• [Instructions to follow]:
Leaving out the images, return the data below exactly as it is written.

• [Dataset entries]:
Segment Open

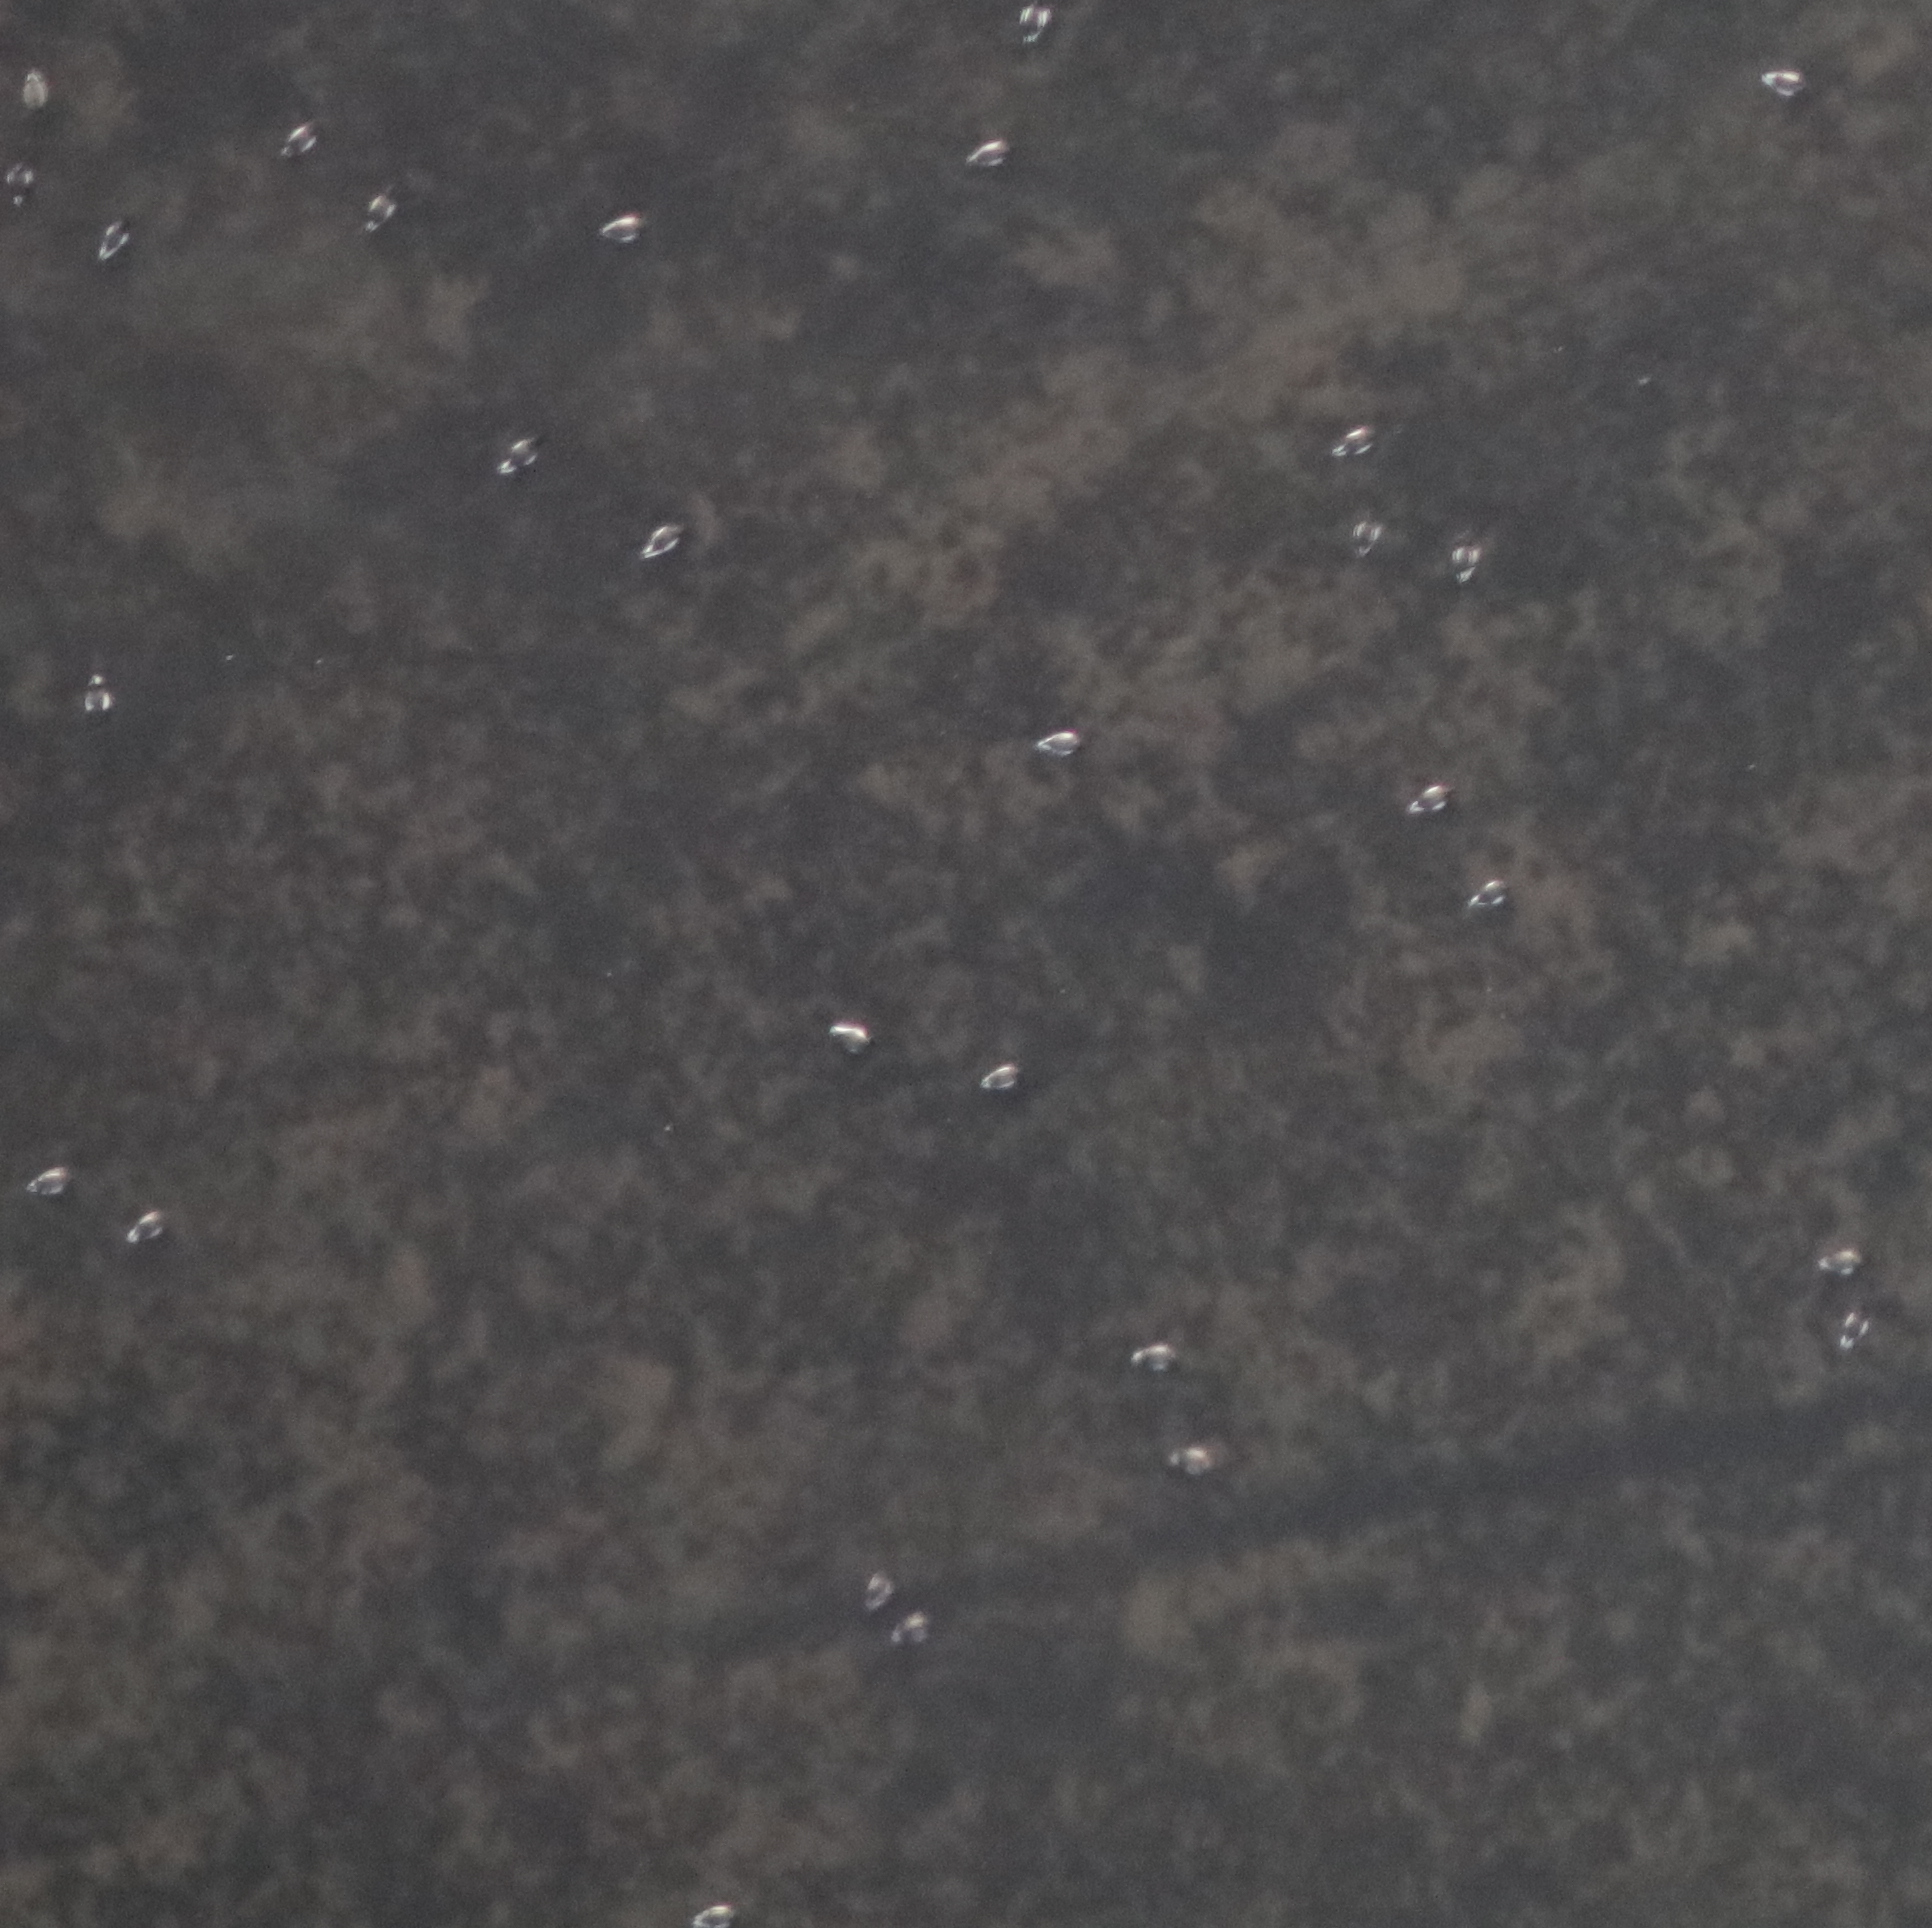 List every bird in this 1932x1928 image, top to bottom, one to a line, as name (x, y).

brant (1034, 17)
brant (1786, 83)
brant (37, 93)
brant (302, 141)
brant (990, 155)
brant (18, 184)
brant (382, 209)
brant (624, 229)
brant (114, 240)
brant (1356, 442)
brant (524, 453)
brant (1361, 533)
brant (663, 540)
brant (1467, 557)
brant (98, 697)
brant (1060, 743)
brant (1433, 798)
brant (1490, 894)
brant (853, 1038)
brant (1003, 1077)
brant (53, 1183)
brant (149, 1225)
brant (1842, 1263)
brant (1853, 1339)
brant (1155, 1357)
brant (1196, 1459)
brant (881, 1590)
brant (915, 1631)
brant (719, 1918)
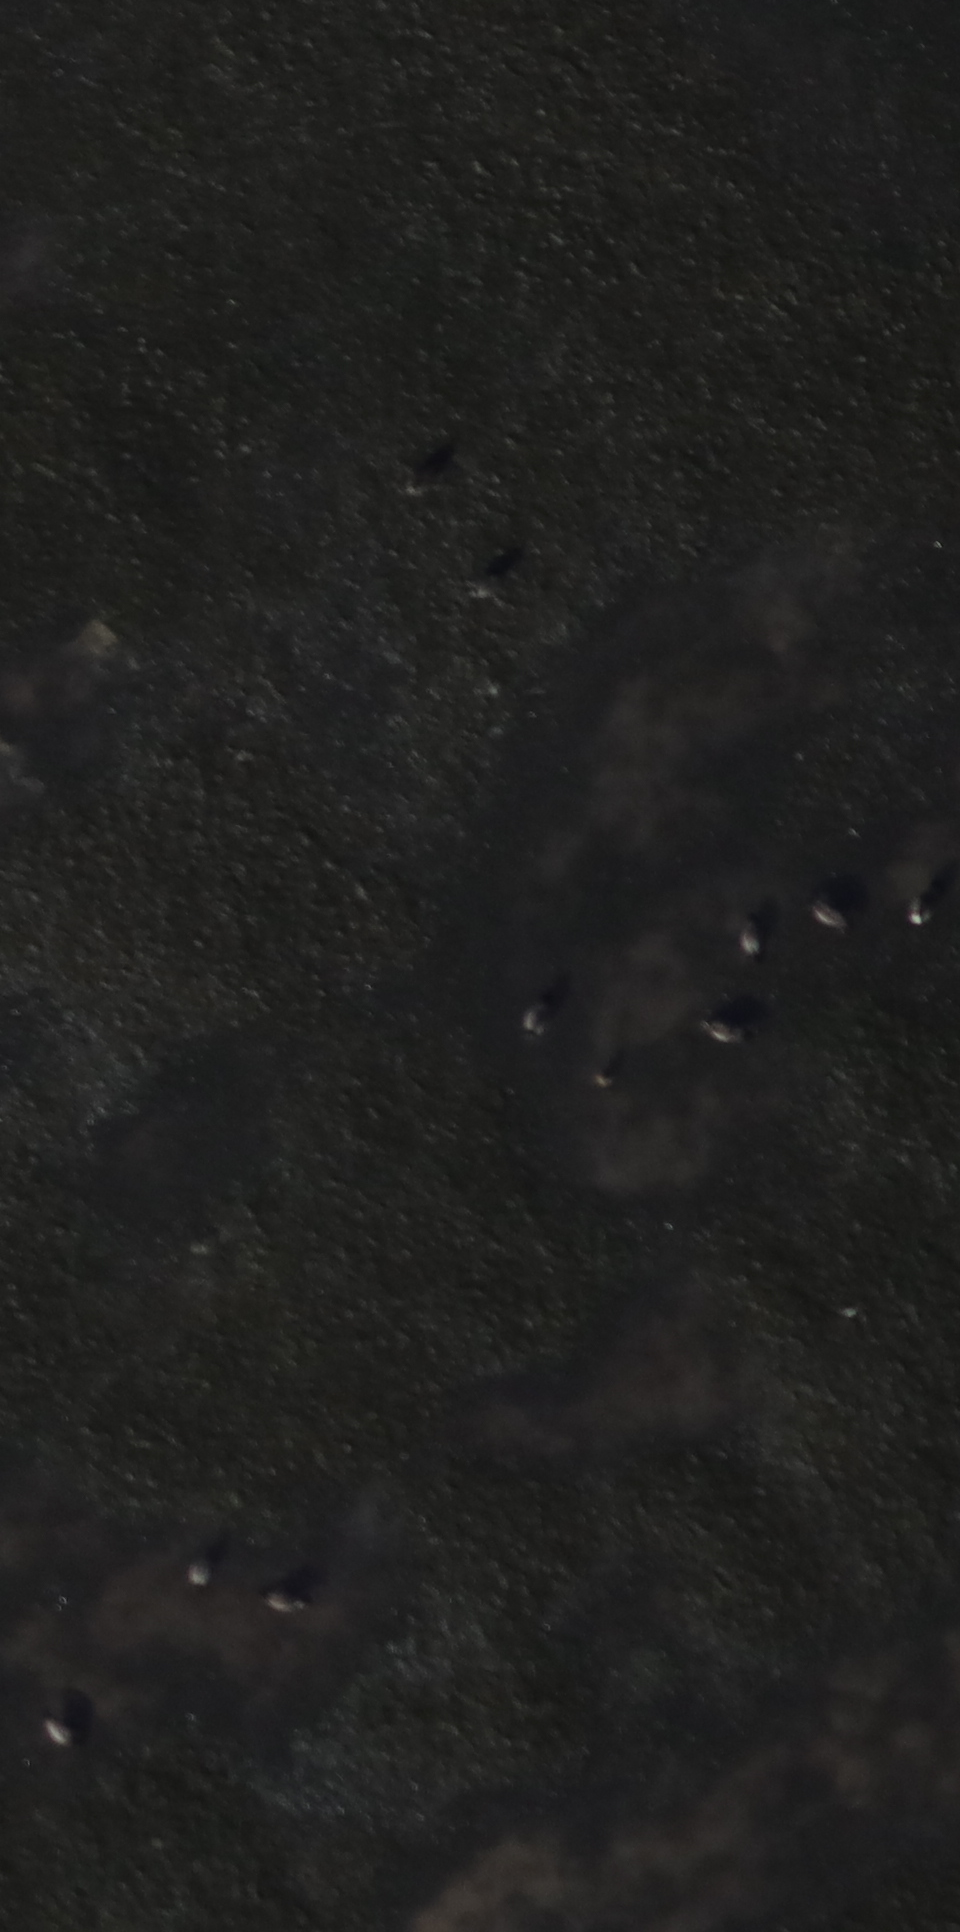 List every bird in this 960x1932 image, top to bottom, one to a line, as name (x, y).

Segment Closed

• [Task solution]:
 List every bird in this 1932x1928 image, top to bottom, one to a line, as name (x, y).

brant (1034, 17)
brant (1786, 83)
brant (37, 93)
brant (302, 141)
brant (990, 155)
brant (18, 184)
brant (382, 209)
brant (624, 229)
brant (114, 240)
brant (1356, 442)
brant (524, 453)
brant (1361, 533)
brant (663, 540)
brant (1467, 557)
brant (98, 697)
brant (1060, 743)
brant (1433, 798)
brant (1490, 894)
brant (853, 1038)
brant (1003, 1077)
brant (53, 1183)
brant (149, 1225)
brant (1842, 1263)
brant (1853, 1339)
brant (1155, 1357)
brant (1196, 1459)
brant (881, 1590)
brant (915, 1631)
brant (719, 1918)
 List every bird in this 960x1932 image, top to bottom, one to a line, as name (x, y).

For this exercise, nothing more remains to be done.